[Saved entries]
··········

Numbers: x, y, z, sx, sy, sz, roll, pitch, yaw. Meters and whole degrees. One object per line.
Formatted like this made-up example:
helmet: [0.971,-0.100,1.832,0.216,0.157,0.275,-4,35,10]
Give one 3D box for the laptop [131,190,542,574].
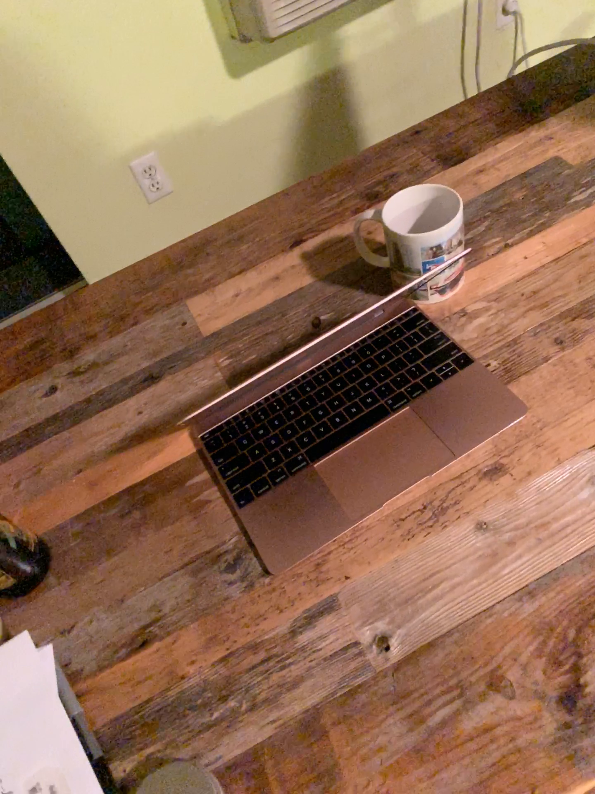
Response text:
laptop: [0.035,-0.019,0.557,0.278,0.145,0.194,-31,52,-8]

··········

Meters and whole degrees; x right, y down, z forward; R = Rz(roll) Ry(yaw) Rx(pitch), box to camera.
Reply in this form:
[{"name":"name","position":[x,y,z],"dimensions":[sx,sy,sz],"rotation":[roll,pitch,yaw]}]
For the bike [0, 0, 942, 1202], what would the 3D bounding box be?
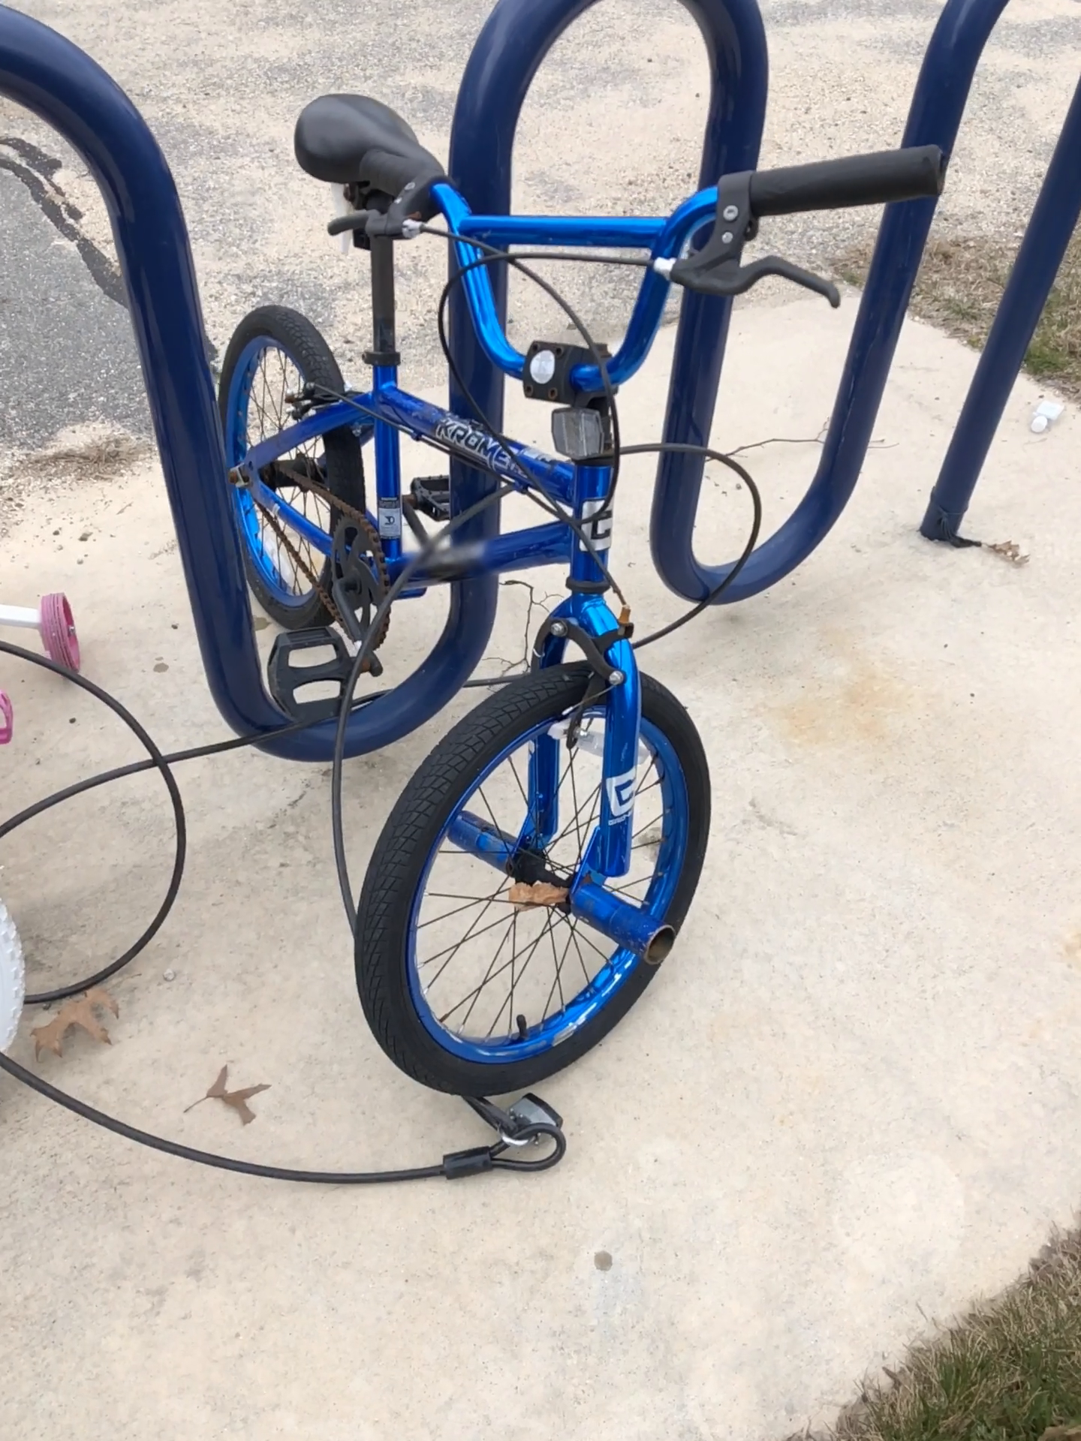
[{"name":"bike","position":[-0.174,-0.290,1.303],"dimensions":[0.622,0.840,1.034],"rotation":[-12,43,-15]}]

··········

-- WHAT YOU HAVE TO DO --
Considering only the records above, state the number of lines that include the word "Meters", with nothing added.

-- RESULT FOR THIS TASK --
2